|Naval History of Great Britain - Vol III
||British and French Fleets
THE most remarkable feature, in the abstract * for the commencement of the present year, is the number of vessels that appear in the two " Built " columns. At no former or subsequent period have 87 British ships of war been launched within the year. All these ships, except the five principal ones, had been ordered to be built since the commencement of the war, and upwards of 50 of them since the commencement of the year in which they first took the water. Nothing can better demonstrate the exertions made by the new lord of the admiralty (the late Lord Melville) to recover the British navy from the low state into which it had previously fallen. Of 87 vessels so launched in the year 1804, 80 had been built in the merchants' yards, a number amounting to nearly two thirds of all that had been similarly built during the whole nine years of the preceding war.
Of the 88 new vessels ordered in 1804, 48 were gun-brigs, and 10 belonged to the N, or middling class of 74. The utility of the latter cannot be disputed ; but the former would probably have better answered the intended purpose of their construction had they been differently armed.
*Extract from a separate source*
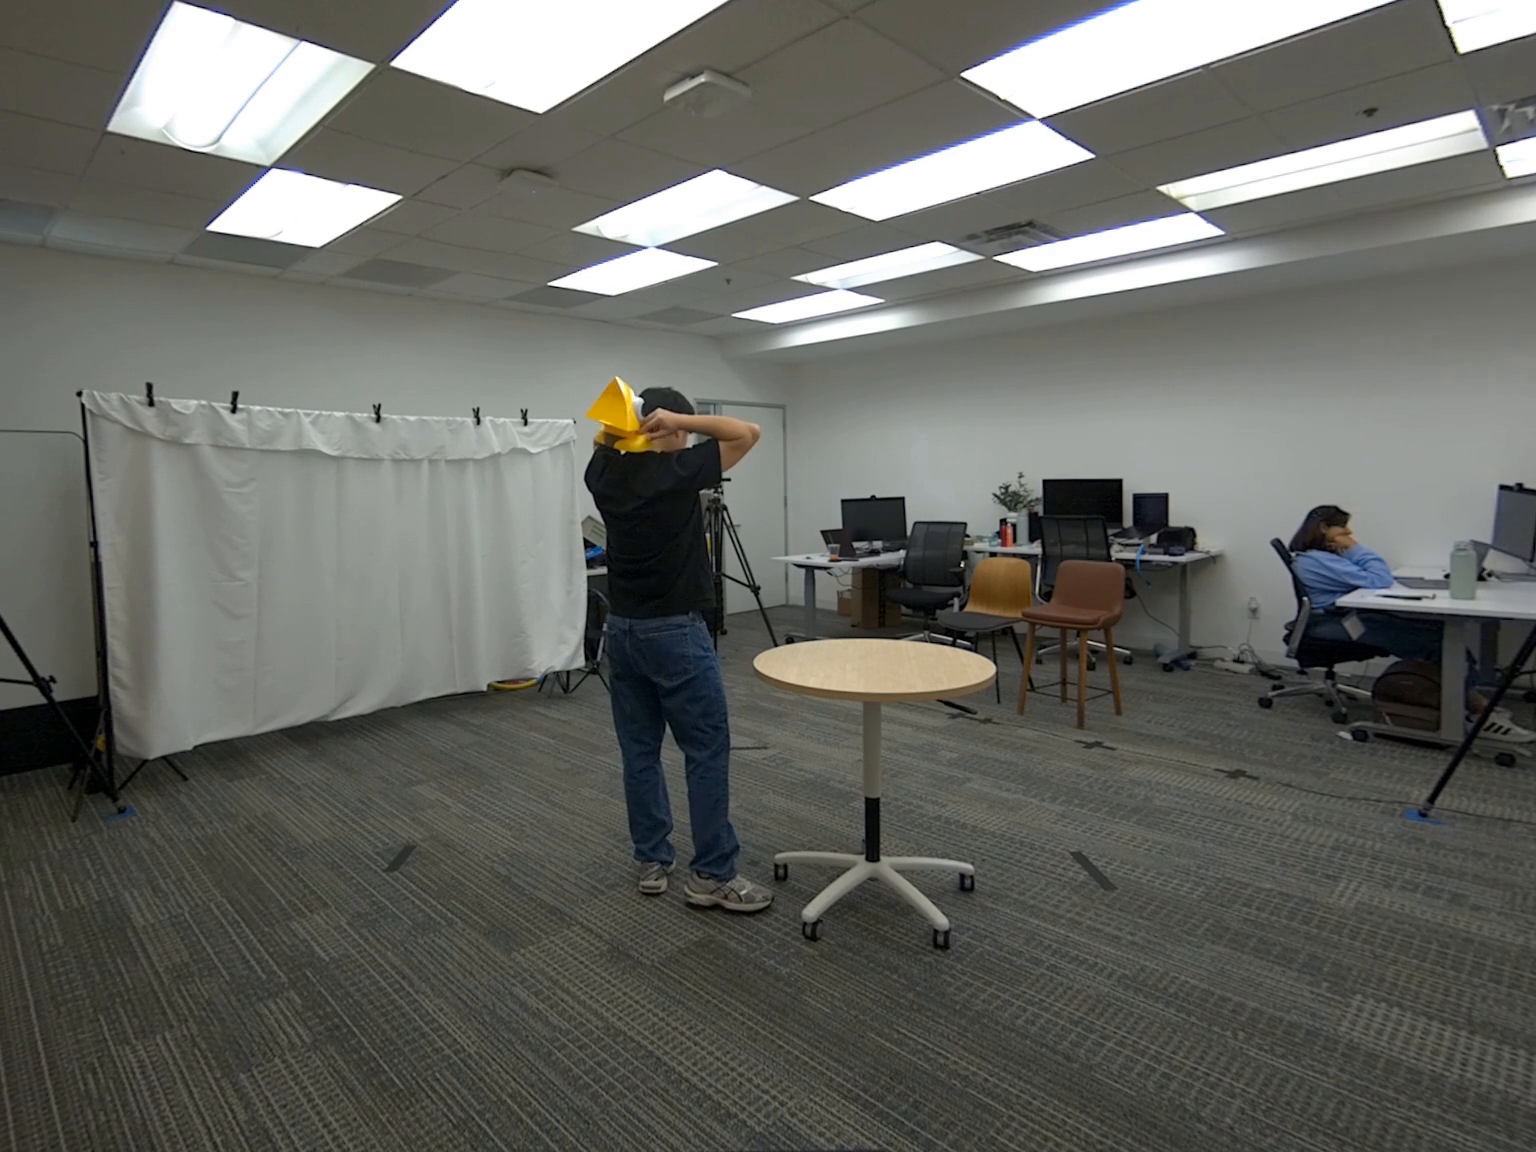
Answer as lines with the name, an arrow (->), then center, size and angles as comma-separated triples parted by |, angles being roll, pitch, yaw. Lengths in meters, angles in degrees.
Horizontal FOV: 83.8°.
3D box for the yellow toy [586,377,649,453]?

Their light draught of water enabled them, certainly, to approach very near to an enemy's coast; but what effective opposition could 18-pounder carronades offer to the heavy long guns mounted by the French batteries and gun-boats ? The new gun-brigs were of a size (180 tons) to carry with ease four 32-pounder carronades, fitted to throw shells, and two long 18-pounders on traversing carriages, one at the bow, the other at the stern. With this reduction in their nominal, but increase in their real strength, these brigs would have been better able to cope with the description of force, which they were likely to encounter in the waters that were to be the scene of their services.
* See Appendix, Annual Abstract No. 13.